TASK ITEM
Where an entry holds an image, skip the image but reproduce the rest word for word.

EXERCISE MATERIAL
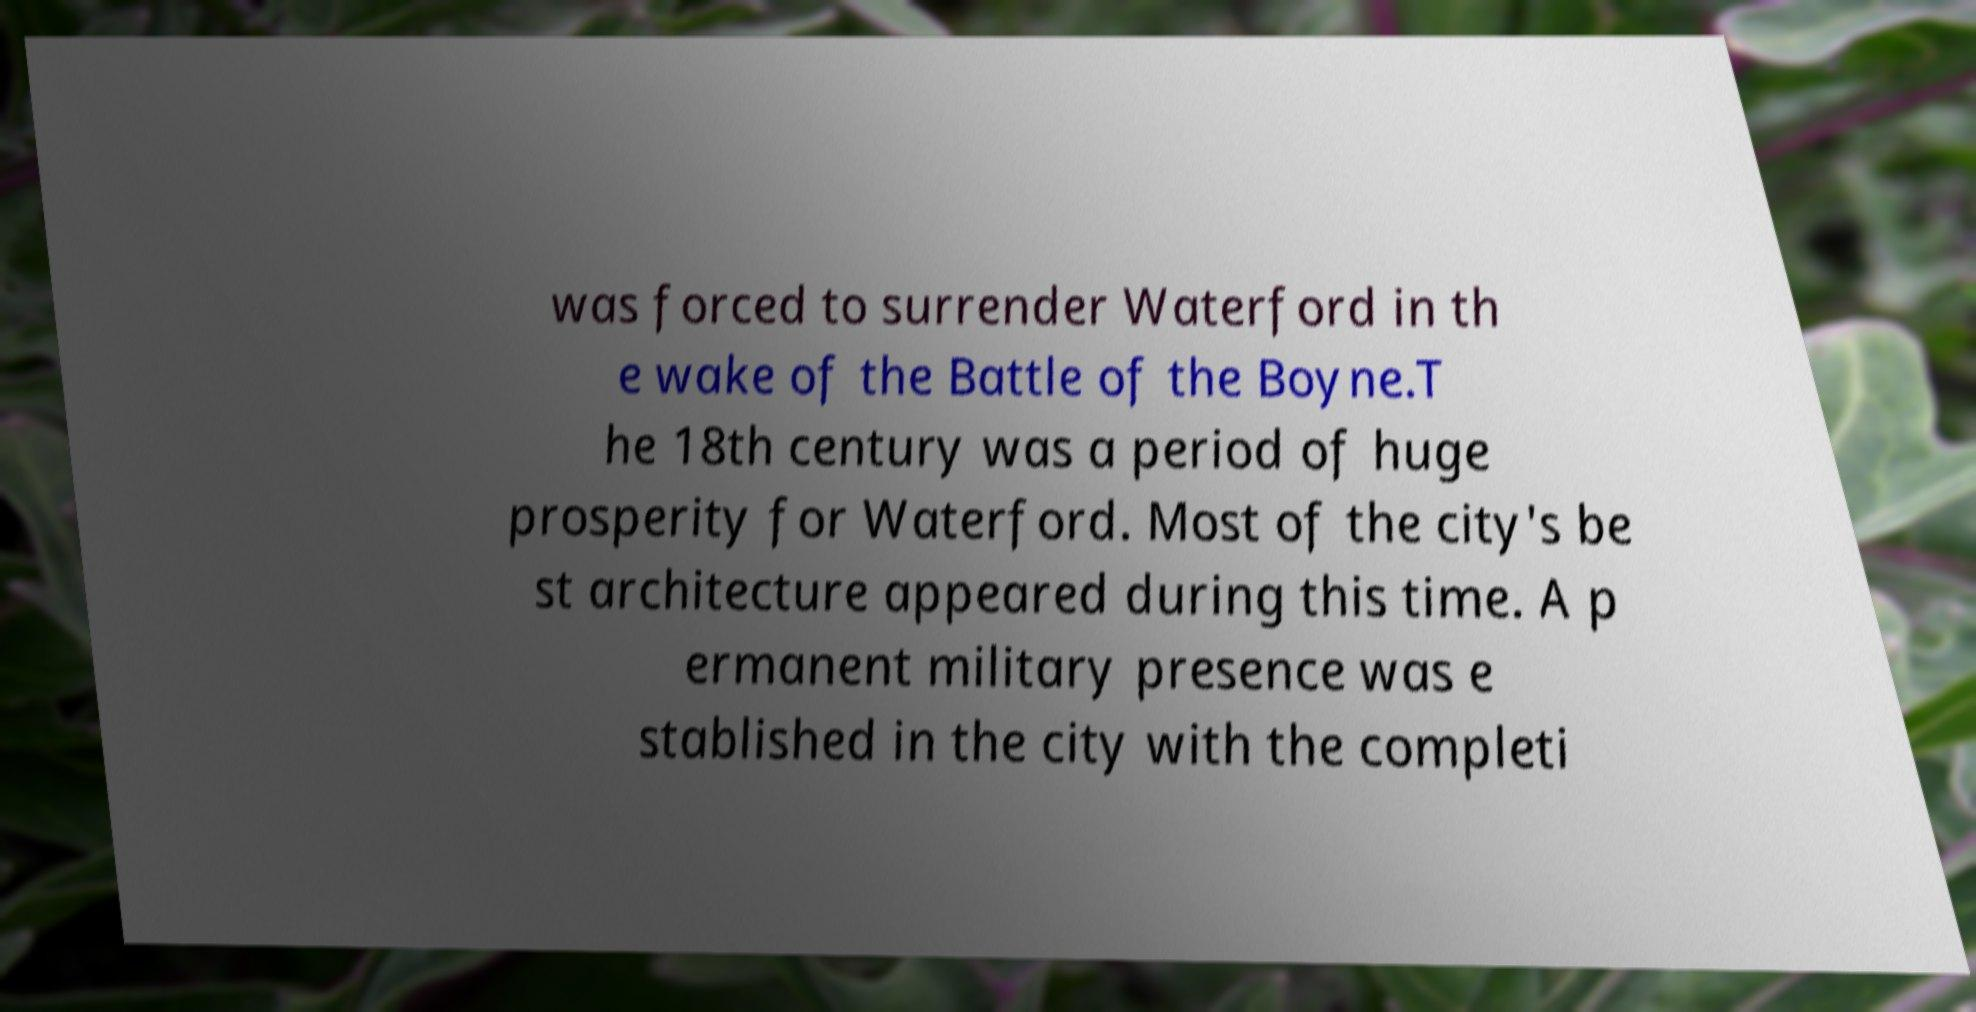What messages or text are displayed in this image? I need them in a readable, typed format. was forced to surrender Waterford in th e wake of the Battle of the Boyne.T he 18th century was a period of huge prosperity for Waterford. Most of the city's be st architecture appeared during this time. A p ermanent military presence was e stablished in the city with the completi 
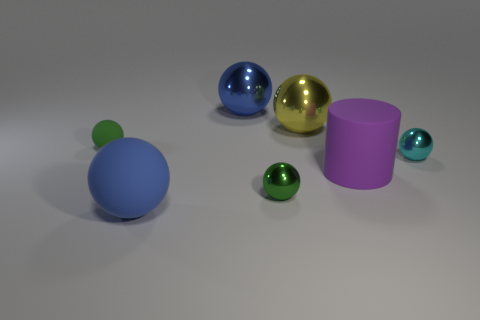How many blue balls must be subtracted to get 1 blue balls? 1 Subtract all cyan spheres. How many spheres are left? 5 Subtract all small cyan spheres. How many spheres are left? 5 Subtract all blue balls. Subtract all gray blocks. How many balls are left? 4 Add 3 purple spheres. How many objects exist? 10 Subtract all cylinders. How many objects are left? 6 Subtract all cyan balls. Subtract all blue metallic spheres. How many objects are left? 5 Add 2 large rubber things. How many large rubber things are left? 4 Add 3 blue cylinders. How many blue cylinders exist? 3 Subtract 0 purple blocks. How many objects are left? 7 
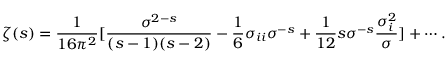<formula> <loc_0><loc_0><loc_500><loc_500>\zeta ( s ) = { \frac { 1 } { 1 6 \pi ^ { 2 } } } [ { \frac { \sigma ^ { 2 - s } } { ( s - 1 ) ( s - 2 ) } } - { \frac { 1 } { 6 } } \sigma _ { i i } \sigma ^ { - s } + { \frac { 1 } { 1 2 } } s \sigma ^ { - s } { \frac { \sigma _ { i } ^ { 2 } } { \sigma } } ] + \cdots .</formula> 
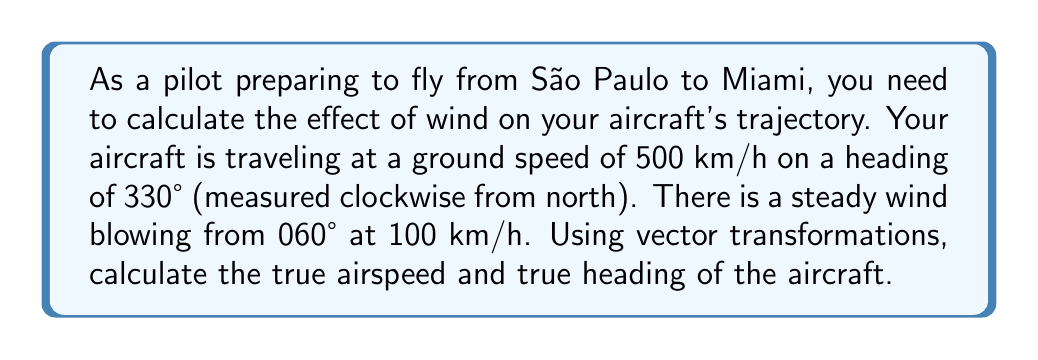Show me your answer to this math problem. To solve this problem, we'll use vector transformations to account for the wind's effect on the aircraft's trajectory. Let's break it down step-by-step:

1) First, let's define our vectors:
   - Ground velocity vector: $\vec{v}_g$
   - Wind velocity vector: $\vec{v}_w$
   - True airspeed vector: $\vec{v}_a$

2) We know that: $\vec{v}_g = \vec{v}_a + \vec{v}_w$

3) Let's break down the ground velocity vector:
   $\vec{v}_g = 500 \cdot (\cos 330°, \sin 330°) = (433.01, -250)$ km/h

4) For the wind vector, we need to reverse its direction (as it's given as the direction the wind is coming from):
   $\vec{v}_w = -100 \cdot (\cos 60°, \sin 60°) = (-50, -86.60)$ km/h

5) Now we can find the true airspeed vector:
   $\vec{v}_a = \vec{v}_g - \vec{v}_w = (433.01, -250) - (-50, -86.60) = (483.01, -163.40)$ km/h

6) To find the true airspeed magnitude:
   $|\vec{v}_a| = \sqrt{483.01^2 + (-163.40)^2} = 510.22$ km/h

7) To find the true heading, we need to calculate the angle of $\vec{v}_a$:
   $\theta = \arctan2(-163.40, 483.01) = -18.69°$

8) Convert this to a heading (clockwise from north):
   True heading = $360° - 18.69° = 341.31°$

[asy]
import geometry;

unitsize(1cm);

draw((-1,0)--(5,0),arrow=Arrow(TeXHead));
draw((0,-1)--(0,5),arrow=Arrow(TeXHead));

draw((0,0)--(3,-1.73),blue,arrow=Arrow(TeXHead));
draw((3,-1.73)--(3.33,-0.57),red,arrow=Arrow(TeXHead));
draw((0,0)--(3.33,-0.57),green,arrow=Arrow(TeXHead));

label("N", (0,5), N);
label("E", (5,0), E);
label("$\vec{v}_g$", (1.5,-0.87), SW, blue);
label("$\vec{v}_w$", (3.17,-1.15), SE, red);
label("$\vec{v}_a$", (1.67,-0.28), NW, green);

[/asy]
Answer: The true airspeed is 510.22 km/h, and the true heading is 341.31°. 
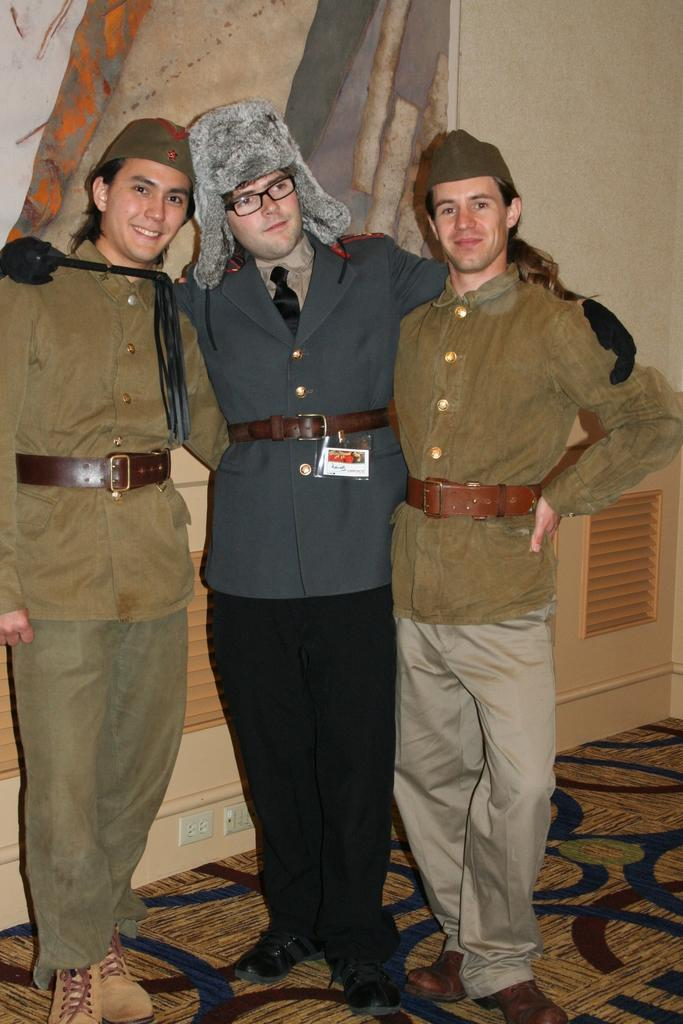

TASK RESULT
What messages or text are displayed in this image? I need them in a readable, typed format. was forced to surrender Waterford in th e wake of the Battle of the Boyne.T he 18th century was a period of huge prosperity for Waterford. Most of the city's be st architecture appeared during this time. A p ermanent military presence was e stablished in the city with the completi 
How many blue balls must be subtracted to get 1 blue balls? 1 Subtract all cyan spheres. How many spheres are left? 5 Subtract all small cyan spheres. How many spheres are left? 5 Subtract all blue balls. Subtract all gray blocks. How many balls are left? 4 Add 3 purple spheres. How many objects exist? 10 Subtract all cylinders. How many objects are left? 6 Subtract all cyan balls. Subtract all blue metallic spheres. How many objects are left? 5 Add 2 large rubber things. How many large rubber things are left? 4 Add 3 blue cylinders. How many blue cylinders exist? 3 Subtract 0 purple blocks. How many objects are left? 7 
<formula> <loc_0><loc_0><loc_500><loc_500>\zeta ( s ) = { \frac { 1 } { 1 6 \pi ^ { 2 } } } [ { \frac { \sigma ^ { 2 - s } } { ( s - 1 ) ( s - 2 ) } } - { \frac { 1 } { 6 } } \sigma _ { i i } \sigma ^ { - s } + { \frac { 1 } { 1 2 } } s \sigma ^ { - s } { \frac { \sigma _ { i } ^ { 2 } } { \sigma } } ] + \cdots .</formula> 
Show me your answer to this math problem. To solve this problem, we'll use vector transformations to account for the wind's effect on the aircraft's trajectory. Let's break it down step-by-step:

1) First, let's define our vectors:
   - Ground velocity vector: $\vec{v}_g$
   - Wind velocity vector: $\vec{v}_w$
   - True airspeed vector: $\vec{v}_a$

2) We know that: $\vec{v}_g = \vec{v}_a + \vec{v}_w$

3) Let's break down the ground velocity vector:
   $\vec{v}_g = 500 \cdot (\cos 330°, \sin 330°) = (433.01, -250)$ km/h

4) For the wind vector, we need to reverse its direction (as it's given as the direction the wind is coming from):
   $\vec{v}_w = -100 \cdot (\cos 60°, \sin 60°) = (-50, -86.60)$ km/h

5) Now we can find the true airspeed vector:
   $\vec{v}_a = \vec{v}_g - \vec{v}_w = (433.01, -250) - (-50, -86.60) = (483.01, -163.40)$ km/h

6) To find the true airspeed magnitude:
   $|\vec{v}_a| = \sqrt{483.01^2 + (-163.40)^2} = 510.22$ km/h

7) To find the true heading, we need to calculate the angle of $\vec{v}_a$:
   $\theta = \arctan2(-163.40, 483.01) = -18.69°$

8) Convert this to a heading (clockwise from north):
   True heading = $360° - 18.69° = 341.31°$

[asy]
import geometry;

unitsize(1cm);

draw((-1,0)--(5,0),arrow=Arrow(TeXHead));
draw((0,-1)--(0,5),arrow=Arrow(TeXHead));

draw((0,0)--(3,-1.73),blue,arrow=Arrow(TeXHead));
draw((3,-1.73)--(3.33,-0.57),red,arrow=Arrow(TeXHead));
draw((0,0)--(3.33,-0.57),green,arrow=Arrow(TeXHead));

label("N", (0,5), N);
label("E", (5,0), E);
label("$\vec{v}_g$", (1.5,-0.87), SW, blue);
label("$\vec{v}_w$", (3.17,-1.15), SE, red);
label("$\vec{v}_a$", (1.67,-0.28), NW, green);

[/asy]
Answer: The true airspeed is 510.22 km/h, and the true heading is 341.31°. 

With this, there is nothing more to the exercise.